# Ripping Yarns



## pg tips (May 16, 2003)

BBC4 is good for something! they are showing ripping yarns!


----------



## Guest (Oct 30, 2007)

Exellent ,love it -COME ON THE LEEDS


----------



## grey (Apr 29, 2006)

pg tips said:


> BBC4 is good for something! they are showing ripping yarns!


710 told me we had to watch Spooks.







Was it a good one?


----------



## mrteatime (Oct 25, 2006)

pg tips said:


> BBC4 is good for something! they are showing ripping yarns!


northern talk?


----------



## pg tips (May 16, 2003)

they are all good!

It was the ww1 army offficers one where palin wants to leave and run a shop and gets tied up in the regiment trying to revolt.

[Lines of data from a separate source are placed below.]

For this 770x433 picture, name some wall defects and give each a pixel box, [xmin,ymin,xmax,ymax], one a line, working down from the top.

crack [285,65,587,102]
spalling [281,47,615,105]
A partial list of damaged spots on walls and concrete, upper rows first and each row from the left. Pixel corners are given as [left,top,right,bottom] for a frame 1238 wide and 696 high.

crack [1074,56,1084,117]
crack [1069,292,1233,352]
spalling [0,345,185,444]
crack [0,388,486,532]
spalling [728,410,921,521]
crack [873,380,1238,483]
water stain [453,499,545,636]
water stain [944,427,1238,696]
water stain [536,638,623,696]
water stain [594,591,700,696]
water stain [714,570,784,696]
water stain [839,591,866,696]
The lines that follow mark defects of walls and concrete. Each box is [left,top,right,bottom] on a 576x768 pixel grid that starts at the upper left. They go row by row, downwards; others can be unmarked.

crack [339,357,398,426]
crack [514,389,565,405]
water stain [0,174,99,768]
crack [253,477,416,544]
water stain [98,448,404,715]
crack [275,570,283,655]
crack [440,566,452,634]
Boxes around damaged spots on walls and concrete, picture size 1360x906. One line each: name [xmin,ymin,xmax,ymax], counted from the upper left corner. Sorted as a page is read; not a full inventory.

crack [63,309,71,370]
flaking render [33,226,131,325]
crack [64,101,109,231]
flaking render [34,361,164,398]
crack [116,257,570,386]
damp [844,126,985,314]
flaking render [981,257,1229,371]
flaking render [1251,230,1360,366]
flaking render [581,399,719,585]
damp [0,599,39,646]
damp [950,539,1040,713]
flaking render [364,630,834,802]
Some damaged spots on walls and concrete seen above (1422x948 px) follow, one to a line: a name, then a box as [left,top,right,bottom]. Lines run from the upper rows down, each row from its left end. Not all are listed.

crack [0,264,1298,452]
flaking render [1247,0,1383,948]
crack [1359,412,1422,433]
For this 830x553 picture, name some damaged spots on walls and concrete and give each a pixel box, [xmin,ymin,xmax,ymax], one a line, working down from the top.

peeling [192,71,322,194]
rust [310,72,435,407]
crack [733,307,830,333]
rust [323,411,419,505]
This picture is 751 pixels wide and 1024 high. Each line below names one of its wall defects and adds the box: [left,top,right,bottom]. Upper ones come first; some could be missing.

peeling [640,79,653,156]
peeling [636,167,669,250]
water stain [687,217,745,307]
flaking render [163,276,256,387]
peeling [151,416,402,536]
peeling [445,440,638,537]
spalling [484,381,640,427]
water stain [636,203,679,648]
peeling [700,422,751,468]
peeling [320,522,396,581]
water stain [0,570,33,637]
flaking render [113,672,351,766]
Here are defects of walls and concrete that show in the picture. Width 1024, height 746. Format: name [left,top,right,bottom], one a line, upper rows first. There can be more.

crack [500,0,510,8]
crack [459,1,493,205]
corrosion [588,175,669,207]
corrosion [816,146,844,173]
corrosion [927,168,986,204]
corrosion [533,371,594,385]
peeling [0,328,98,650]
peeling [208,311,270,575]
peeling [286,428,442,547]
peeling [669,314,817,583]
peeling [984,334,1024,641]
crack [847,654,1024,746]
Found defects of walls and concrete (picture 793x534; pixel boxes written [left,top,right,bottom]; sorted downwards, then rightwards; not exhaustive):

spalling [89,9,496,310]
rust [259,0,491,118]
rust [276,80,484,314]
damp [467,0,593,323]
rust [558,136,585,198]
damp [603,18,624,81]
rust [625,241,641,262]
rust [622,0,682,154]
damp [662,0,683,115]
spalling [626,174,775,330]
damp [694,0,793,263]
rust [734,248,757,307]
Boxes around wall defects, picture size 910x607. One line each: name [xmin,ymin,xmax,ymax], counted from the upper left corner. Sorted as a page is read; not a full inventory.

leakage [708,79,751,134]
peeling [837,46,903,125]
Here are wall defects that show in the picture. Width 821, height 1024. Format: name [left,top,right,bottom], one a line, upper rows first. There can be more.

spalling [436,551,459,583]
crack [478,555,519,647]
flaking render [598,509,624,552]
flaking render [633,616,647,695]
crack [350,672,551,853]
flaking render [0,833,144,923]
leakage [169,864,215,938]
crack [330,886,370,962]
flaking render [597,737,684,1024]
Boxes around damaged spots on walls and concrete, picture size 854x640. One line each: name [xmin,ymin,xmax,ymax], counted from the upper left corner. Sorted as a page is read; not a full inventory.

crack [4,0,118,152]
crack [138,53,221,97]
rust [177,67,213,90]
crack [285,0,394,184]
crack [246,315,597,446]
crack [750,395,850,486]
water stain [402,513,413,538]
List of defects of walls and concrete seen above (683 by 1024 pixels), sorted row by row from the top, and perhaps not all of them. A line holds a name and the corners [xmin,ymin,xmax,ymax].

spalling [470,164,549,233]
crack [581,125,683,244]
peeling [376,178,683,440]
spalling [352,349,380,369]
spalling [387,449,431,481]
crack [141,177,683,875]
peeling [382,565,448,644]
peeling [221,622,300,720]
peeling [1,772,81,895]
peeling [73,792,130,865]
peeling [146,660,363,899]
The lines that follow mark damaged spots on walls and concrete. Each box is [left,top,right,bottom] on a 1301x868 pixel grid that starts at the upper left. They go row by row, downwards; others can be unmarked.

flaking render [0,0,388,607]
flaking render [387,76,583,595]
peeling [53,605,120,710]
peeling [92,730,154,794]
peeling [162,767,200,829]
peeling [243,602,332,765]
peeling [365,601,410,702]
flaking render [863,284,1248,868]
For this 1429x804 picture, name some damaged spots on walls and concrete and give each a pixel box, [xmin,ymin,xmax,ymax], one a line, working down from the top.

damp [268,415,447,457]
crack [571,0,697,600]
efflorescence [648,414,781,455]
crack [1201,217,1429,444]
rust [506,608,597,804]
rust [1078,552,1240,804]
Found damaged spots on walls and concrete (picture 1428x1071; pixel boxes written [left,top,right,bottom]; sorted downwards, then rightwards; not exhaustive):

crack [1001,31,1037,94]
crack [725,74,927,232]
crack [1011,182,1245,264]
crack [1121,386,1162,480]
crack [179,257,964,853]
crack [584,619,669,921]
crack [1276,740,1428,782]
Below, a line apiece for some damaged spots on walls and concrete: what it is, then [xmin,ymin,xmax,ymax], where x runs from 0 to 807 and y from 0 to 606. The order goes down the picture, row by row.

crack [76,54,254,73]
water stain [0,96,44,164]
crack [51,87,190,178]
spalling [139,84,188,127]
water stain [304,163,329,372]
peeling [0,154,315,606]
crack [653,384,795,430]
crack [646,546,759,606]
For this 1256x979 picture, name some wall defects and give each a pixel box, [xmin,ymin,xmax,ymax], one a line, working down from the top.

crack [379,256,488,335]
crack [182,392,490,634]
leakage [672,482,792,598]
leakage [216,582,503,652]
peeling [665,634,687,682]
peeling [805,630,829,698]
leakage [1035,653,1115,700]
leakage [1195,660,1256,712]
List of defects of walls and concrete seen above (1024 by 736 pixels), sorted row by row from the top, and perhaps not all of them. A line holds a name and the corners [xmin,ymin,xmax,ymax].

I wonder if we'll ever see rutland weekend television again.


----------



## mrteatime (Oct 25, 2006)

pg tips said:


> they are all good!
> 
> It was the ww1 army offficers one where palin wants to leave and run a shop and gets tied up in the regiment trying to revolt.
> 
> I wonder if we'll ever see rutland weekend television again.


ah! get you now


----------



## alexeberlin (Oct 16, 2007)

saw a couple of those the other week...thinking of buying the DVD.


----------